Closed aadant closed 2 weeks ago
Hi, so I'm wondering, based on looking at the JDK11 bug history, if this may not be related to some past issues with JDK11 and SSL connections hitting a deadlock scenario where you have this unique combination of the socket shutting down:
https://bugs.openjdk.org/browse/JDK-8207004 https://bugs.openjdk.org/browse/JDK-8207009
Can you please share what JDK vendor you're using?
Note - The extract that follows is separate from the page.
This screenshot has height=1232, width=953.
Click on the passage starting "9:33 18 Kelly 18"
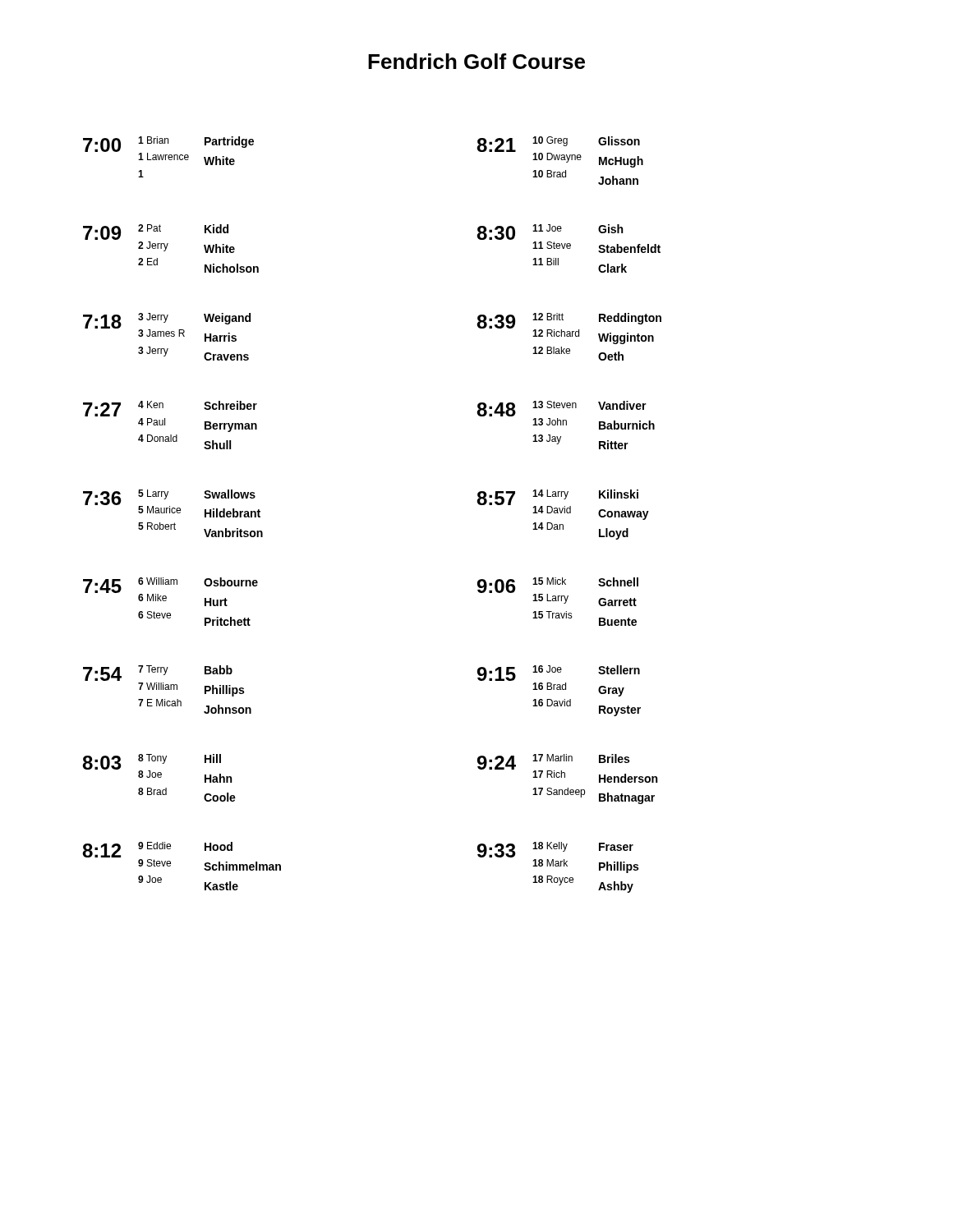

Would it be possible to upgrade to 11.0.20 and see whether this problem goes away, or better yet move to JDK17 as JDK11 is being EoL in October 2024?
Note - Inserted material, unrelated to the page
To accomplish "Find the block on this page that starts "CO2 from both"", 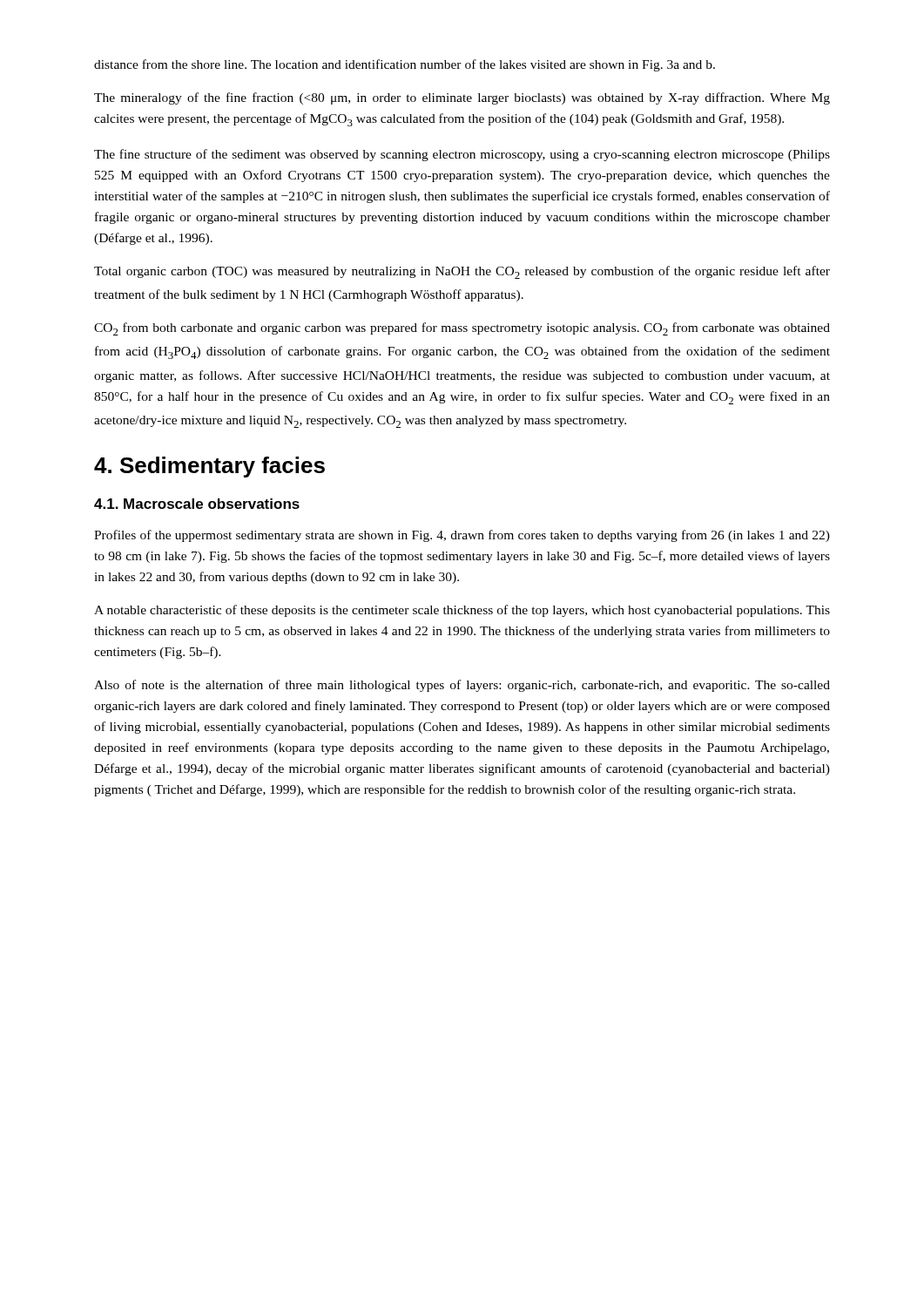I will [x=462, y=375].

@Naros thanks, looks like it, indeed we use this
# java --version
openjdk 11.0.16 2022-07-19
OpenJDK Runtime Environment 18.9 (build 11.0.16+8)
OpenJDK 64-Bit Server VM 18.9 (build 11.0.16+8, mixed mode, sharing)
@Naros unfortunately the issue continues to happen with OpenJDK 17 ...
bash-4.4# java --version
openjdk 17.0.2 2022-01-18
OpenJDK Runtime Environment (build 17.0.2+8-86)
OpenJDK 64-Bit Server VM (build 17.0.2+8-86, mixed mode, sharing)
stack trace involving shyiko :
"blc-fpif1-txnrepodbl1:3306" #77 prio=5 os_prio=0 cpu=3406817.79ms elapsed=71952.46s tid=0x00007feb4423f7a0 nid=0x11a runnable [0x00007feb5affd000]
java.lang.Thread.State: RUNNABLE
at sun.nio.ch.FileDispatcherImpl.write0(java.base@17.0.2/Native Method)
at sun.nio.ch.SocketDispatcher.write(java.base@17.0.2/SocketDispatcher.java:62)
at sun.nio.ch.NioSocketImpl.tryWrite(java.base@17.0.2/NioSocketImpl.java:398)
at sun.nio.ch.NioSocketImpl.implWrite(java.base@17.0.2/NioSocketImpl.java:413)
at sun.nio.ch.NioSocketImpl.write(java.base@17.0.2/NioSocketImpl.java:440)
at sun.nio.ch.NioSocketImpl$2.write(java.base@17.0.2/NioSocketImpl.java:826)
at java.net.Socket$SocketOutputStream.write(java.base@17.0.2/Socket.java:1035)
at sun.security.ssl.SSLSocketOutputRecord.flush(java.base@17.0.2/SSLSocketOutputRecord.java:271)
at sun.security.ssl.OutputRecord.changeWriteCiphers(java.base@17.0.2/OutputRecord.java:224)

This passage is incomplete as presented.